The Abbott government’s reaction to the death of Reece Harding, the 23-year-old Queensland bloke who went to fight with the Kurdish YPG forces in Rojava, is indicative of the hypocrisy and bad faith that attends current Australian policy.

Harding is believed to have been killed two days ago, stepping on a landmine during a night operation with the YPG forces in Rojava — the Kurdish autonomous enclave in northern Syria, on the front line against Islamic State (also called ISIS or Daesh).

The YPG informed his family of the death yesterday.

Foreign Minister Julie Bishop’s reaction to the death was down-the-line policy — people fighting “on either side” of the conflict were breaking Australian law, and she warned against people going to “take part” in places where “terrorism is going on”.

This is absurd. It’s absurd given the government’s other position repeated endlessly by Tony Abbott — that the IS/Daesh is a “death cult” out of the order of normal brutality of such conflicts, and that “ISIS is coming here”.

Nevertheless, if those who actually agree with Abbott — that IS is at war against humanity, against the notion of human equality and the right of communities to live as they please — act on that humanist judgement and go to fight IS in the name of humanity, we will prosecute them and … what? Strip them of their citizenship.

Everything about Abbott’s construction of IS is hypocritical, bogus and sleazy, as this allegedly “even-handed” policy on foreign fighters proves. Abbott conspires with IS’ use of media — its ability to turn grotesque and ceremonial choreographed killings — in order to paint it as uniquely evil. This is partly for domestic consumption, as a desperate attempt for an angle on the polls.

But it is also intended to obscure the denunciation of our earlier “barbaric” enemy, the Assad government in Syria. Assad’s barbarism was marked by his use of high-tech weapons for brutal ends; now that we’re lined up with him against IS and its threat to what remains of the Iraqi state, the mass violence of Assad’s attacks on Syrian civilians — outpacing anything IS can unleash — must be obscured.

Secondly, although we are talking a big game against IS, we’re not really putting the pressure where it should be applied, against Turkey. President Recep Erdogan’s cossetting and funding of IS is not in dispute; it now appears that Turkish authorities let 30-50 IS fighters through the Turkey-Syria border to launch terrorist attacks on Kobane last week, causing dozens of civilian deaths in a recaptured city

The aim of such disruption is clear. Turkey doesn’t want a contiguous Kurdish-controlled region along its border with Syria. Erdogan’s despite of the Kurds goes beyond their alleged threat to the Turkish nation-state. The PKK, YPG and the HDP party in Turkey have all renounced the idea of a Kurdish nation-state.

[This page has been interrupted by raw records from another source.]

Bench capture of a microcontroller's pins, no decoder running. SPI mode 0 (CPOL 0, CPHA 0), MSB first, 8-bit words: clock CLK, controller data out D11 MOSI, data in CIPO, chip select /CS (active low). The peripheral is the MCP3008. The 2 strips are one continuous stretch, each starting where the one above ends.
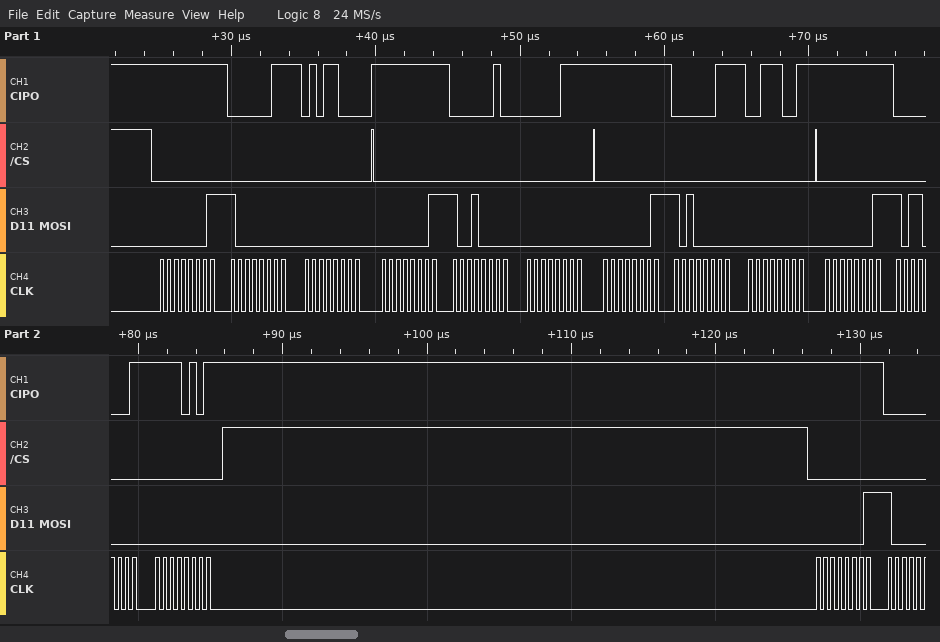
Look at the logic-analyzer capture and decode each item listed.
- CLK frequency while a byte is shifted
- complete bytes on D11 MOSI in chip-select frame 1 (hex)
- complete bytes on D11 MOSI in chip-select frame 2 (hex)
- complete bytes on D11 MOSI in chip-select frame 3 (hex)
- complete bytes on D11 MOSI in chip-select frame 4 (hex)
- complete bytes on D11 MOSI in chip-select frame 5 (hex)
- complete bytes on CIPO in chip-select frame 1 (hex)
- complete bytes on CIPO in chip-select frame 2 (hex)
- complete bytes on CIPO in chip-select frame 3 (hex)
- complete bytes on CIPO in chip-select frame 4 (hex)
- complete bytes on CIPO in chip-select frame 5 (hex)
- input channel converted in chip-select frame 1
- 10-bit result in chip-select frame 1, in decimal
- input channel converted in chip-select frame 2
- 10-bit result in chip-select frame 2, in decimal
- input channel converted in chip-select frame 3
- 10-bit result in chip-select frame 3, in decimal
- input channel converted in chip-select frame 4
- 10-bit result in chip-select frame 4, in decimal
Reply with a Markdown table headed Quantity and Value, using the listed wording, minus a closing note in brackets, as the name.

| Quantity | Value |
|---|---|
| CLK frequency while a byte is shifted | 2 MHz |
| complete bytes on D11 MOSI in chip-select frame 1 | 01 80 00 |
| complete bytes on D11 MOSI in chip-select frame 2 | 01 90 00 |
| complete bytes on D11 MOSI in chip-select frame 3 | 01 A0 00 |
| complete bytes on D11 MOSI in chip-select frame 4 | 01 B0 00 |
| complete bytes on D11 MOSI in chip-select frame 5 | 01 |
| complete bytes on CIPO in chip-select frame 1 | FF 03 58 |
| complete bytes on CIPO in chip-select frame 2 | FF 02 07 |
| complete bytes on CIPO in chip-select frame 3 | FF 03 39 |
| complete bytes on CIPO in chip-select frame 4 | FF 01 F5 |
| complete bytes on CIPO in chip-select frame 5 | FF |
| input channel converted in chip-select frame 1 | 0 |
| 10-bit result in chip-select frame 1, in decimal | 856 |
| input channel converted in chip-select frame 2 | 1 |
| 10-bit result in chip-select frame 2, in decimal | 519 |
| input channel converted in chip-select frame 3 | 2 |
| 10-bit result in chip-select frame 3, in decimal | 825 |
| input channel converted in chip-select frame 4 | 3 |
| 10-bit result in chip-select frame 4, in decimal | 501 |
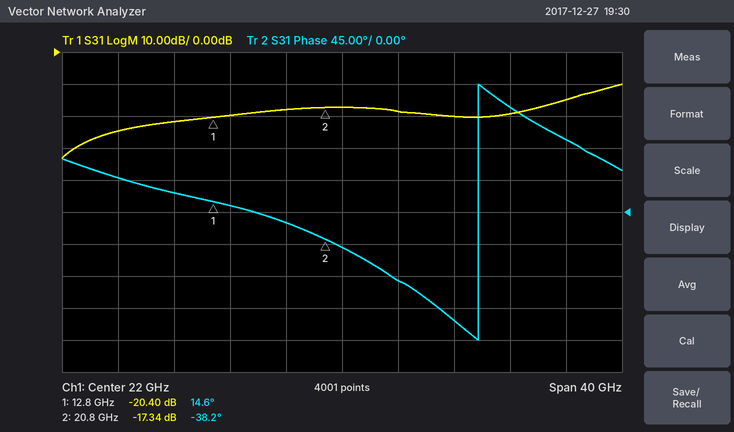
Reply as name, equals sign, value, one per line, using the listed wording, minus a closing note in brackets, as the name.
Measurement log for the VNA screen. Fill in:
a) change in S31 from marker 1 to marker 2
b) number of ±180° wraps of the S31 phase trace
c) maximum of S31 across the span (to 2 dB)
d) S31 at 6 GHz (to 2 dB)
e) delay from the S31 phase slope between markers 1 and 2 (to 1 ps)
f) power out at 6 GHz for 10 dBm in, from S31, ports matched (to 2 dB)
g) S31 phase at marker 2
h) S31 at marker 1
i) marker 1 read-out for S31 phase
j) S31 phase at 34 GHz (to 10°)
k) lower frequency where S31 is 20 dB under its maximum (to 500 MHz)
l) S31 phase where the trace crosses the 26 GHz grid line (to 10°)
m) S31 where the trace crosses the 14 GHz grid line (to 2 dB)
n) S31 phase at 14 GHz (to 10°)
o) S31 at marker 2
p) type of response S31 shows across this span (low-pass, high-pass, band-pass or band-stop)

change in S31 from marker 1 to marker 2 = 3.06 dB
number of ±180° wraps of the S31 phase trace = 1
maximum of S31 across the span = -10 dB
S31 at 6 GHz = -24 dB
delay from the S31 phase slope between markers 1 and 2 = 18 ps
power out at 6 GHz for 10 dBm in, from S31, ports matched = -14 dBm
S31 phase at marker 2 = -38.2°
S31 at marker 1 = -20.40 dB
marker 1 read-out for S31 phase = 14.6°
S31 phase at 34 GHz = 150°
lower frequency where S31 is 20 dB under its maximum = 3.0 GHz
S31 phase where the trace crosses the 26 GHz grid line = -100°
S31 where the trace crosses the 14 GHz grid line = -20 dB
S31 phase at 14 GHz = 10°
S31 at marker 2 = -17.34 dB
type of response S31 shows across this span = high-pass
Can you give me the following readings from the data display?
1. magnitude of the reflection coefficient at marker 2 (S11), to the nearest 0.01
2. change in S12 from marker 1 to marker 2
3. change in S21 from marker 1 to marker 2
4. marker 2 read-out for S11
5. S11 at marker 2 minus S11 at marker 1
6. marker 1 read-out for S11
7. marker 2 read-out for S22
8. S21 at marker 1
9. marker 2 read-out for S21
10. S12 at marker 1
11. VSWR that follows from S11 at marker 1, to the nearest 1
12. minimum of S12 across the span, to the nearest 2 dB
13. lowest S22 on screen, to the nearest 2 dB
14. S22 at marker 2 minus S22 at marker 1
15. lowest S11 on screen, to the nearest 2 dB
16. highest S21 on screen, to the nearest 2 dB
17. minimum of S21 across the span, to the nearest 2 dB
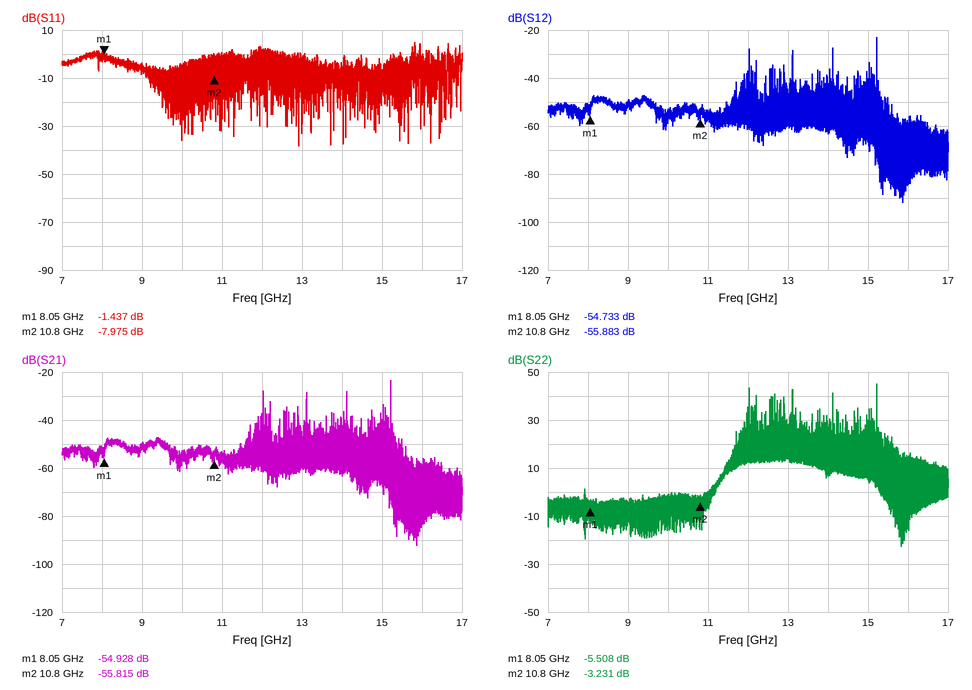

Erdogan now fears the secular modernity of the Kurds. On both sides of the border, the Kurdish groups are creating secular-modern autonomous zones, with women mandated as holding 50% of the leading roles in politics, administration and fighting. Erdogan is a conservative who believes that women should be home and pregnant.

The Kurds have also internationalised the struggle, creating international brigades under the YPG banner and the Marxist MLKP banner. Though they and the Kurdish troops are getting US air support (something my friends on the anti-imperialist left have been tactically very, very quiet about), they’re doing the fighting on the ground, retaking Rojava from the enemy as a struggle for self-liberation.

The refusal to support them, or to make laws against foreign fighters specific to the cause in question, shows how little the Oz government believes its own civilisational rhetoric. IS was created, in part, out of “the surge” — the paying off of Sunni militias to give the appearance of military victory in Iraq, and the subsequent weakening of the Iraqi central state. Were it to prove advantageous we would switch back to supporting elements of IS again — who would become Islamists we can talk to — against Putin-backed Syria.

This would all be done in true 1984 style — a book that is most pertinent to the current situation. For it was Orwell who pointed to the British government’s “neutrality” with regard to Nazi and Italian fascist backing of Franco as a form of national suicide — Tory MPs cheering the bombing of Spanish republic shipping convoys in Parliament is the same as the studied indifference to the Kurds displayed by the West. Letting them be squeezed between IS and Turkey is a gangster move.

Above all, failing to support those who actually go and fight on the front line against such brutal forces is betrayal of the highest order. Abbott has actually got something right — that line is the line between civilisation and a brutal politico-religious cult. So back the people actually willing to put their bodies on the line in the name of humanity and modernity. The absurdity of celebrating the Gallipoli disaster while threatening people like Reece Harding with prosecution should be obvious. The man was a genuine hero, not the counterfeit kind manufactured for historical consumption. No wonder the Abbott government can’t use him. But then, if Orwell were Australian, they’d be stripping him of his citizenship too. Is there anyone on the right with the guts to break ranks on this sleazy absurdity?